Wherein Δt represents the global time step, A represents the neighbor matrix of the velocity field Laplacian, A _ij Matrix elements representing the ith row and jth column of the matrix,representing the mass difference between fluid particles i and j, μ being the viscosity coefficient, ++>The transpose of the distance vectors of fluid particle i and fluid particle j is shown.

Finally, through jacobian iteration, in the simulation of a high-viscosity-force blood system, a linear equation set is solved through implicit integration, iteration is continued until the weighted residual error between the speed at the next moment and the speed of the particles in the previous moment is smaller than a certain threshold value, a loop is jumped out, and the speed caused by viscosity force at the next moment is predicted, for example, the following formula is an example of coordinate iteration:

x _i ^[k+1] ＝x _i ^[k] +α·diag(A) ^-1 (b-Ax ^[k] )

wherein x is _i ^[k+1] For the next moment of coordinates of the fluid particles i, x _i ^[k] For the last moment of the fluid particle i, α is the relaxation coefficient of the jacobian iteration, customized by the user, diag (A) ^-1 And b is an observation value of coordinates, namely coordinate values obtained by multiplying the CFL time step by the speed, and A is a neighbor matrix of the Laplacian of the speed field at the previous moment.
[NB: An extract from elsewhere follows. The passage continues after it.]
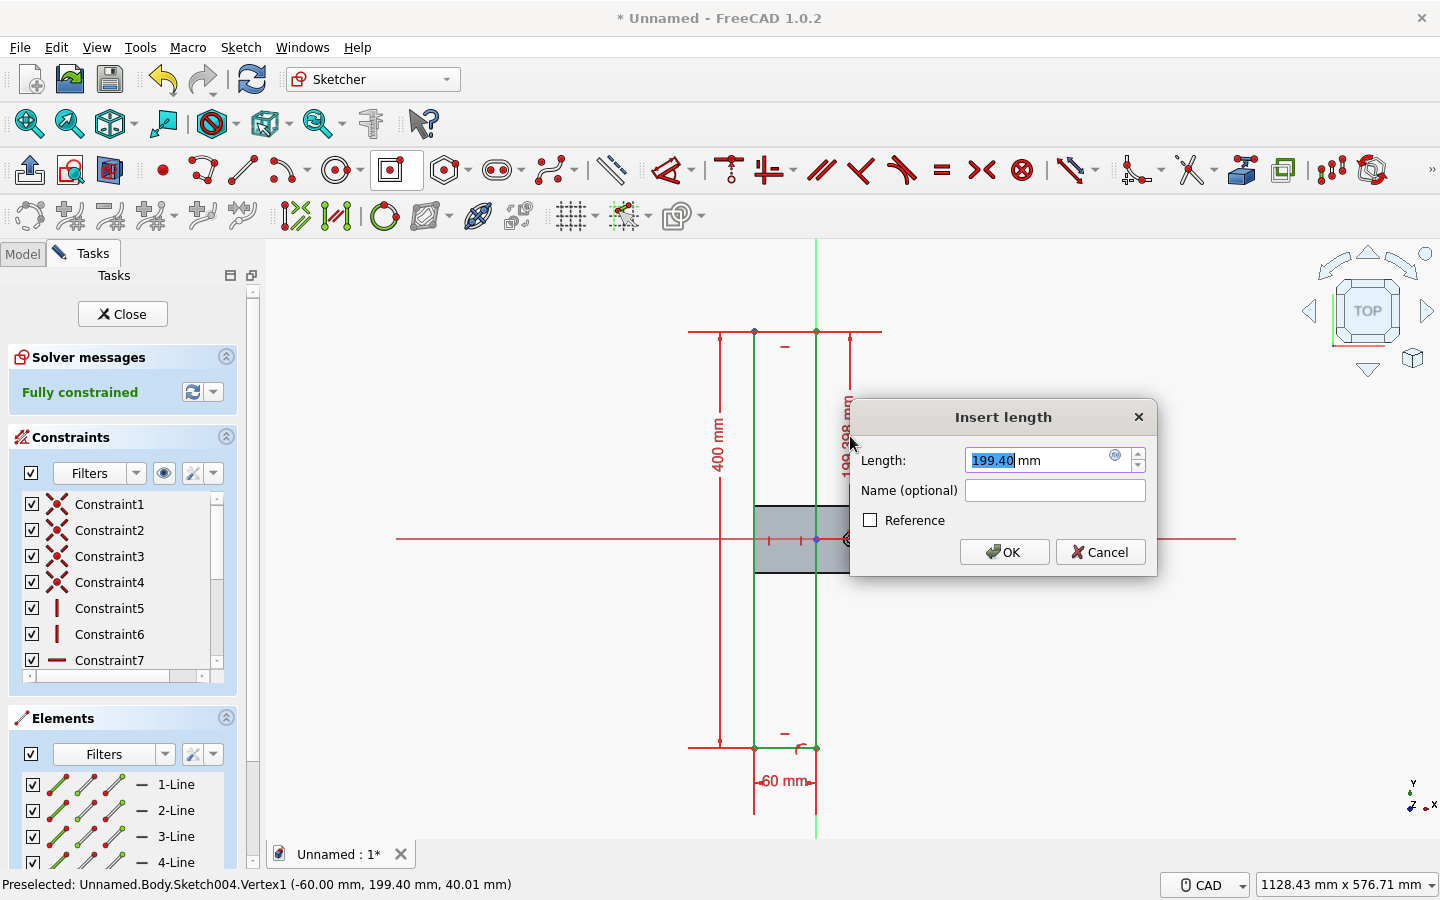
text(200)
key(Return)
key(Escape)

Referring to fig. 2, in order to simulate the improved implicit viscosity force, when μ increases, the particles slow down due to the increase in viscosity coefficient, resulting in stacking of particles in the third and fourth graphs, and when μ increases to 0.75, the velocity field does not collapse instantaneously. It follows that it is suggested to simulate blood ejection using an implicit viscous force of μ=0.5 in dental surgery.

When μ=0.5 shown in fig. 3 is the same, the blood splash simulation applied to the gingival cutting in the dental surgery is performed, the first-spraying blood is firstly contacted with air under the action of the implicit viscosity force, and then the sprayed blood is smoothed by laplace because of the high outlet speed, so that the stack effect is formed with the first-spraying blood, and the expected simulation effect of high viscosity force in the dental surgery blood simulation is achieved

Step S02: before the pressure correction term is introduced, calculating a global time step of the high-viscosity fluid according to CFL conditions;

updated once during each simulation cycle, and used together by two pressure constraints, which greatly reduces the computational effort of the iteration. All non-pressure supplied accelerations such as implicit viscosity force, gravity force, etc. are calculated prior to the introduction of the pressure correction term. And then adjusting the time step in the simulation in real time according to the CFL condition:

wherein v is _max The maximum speed of the particles in the space is represented, d the particle diameter, and the time step is self-adaptive according to the speed attribute of the speed field, and no artificial setting is needed.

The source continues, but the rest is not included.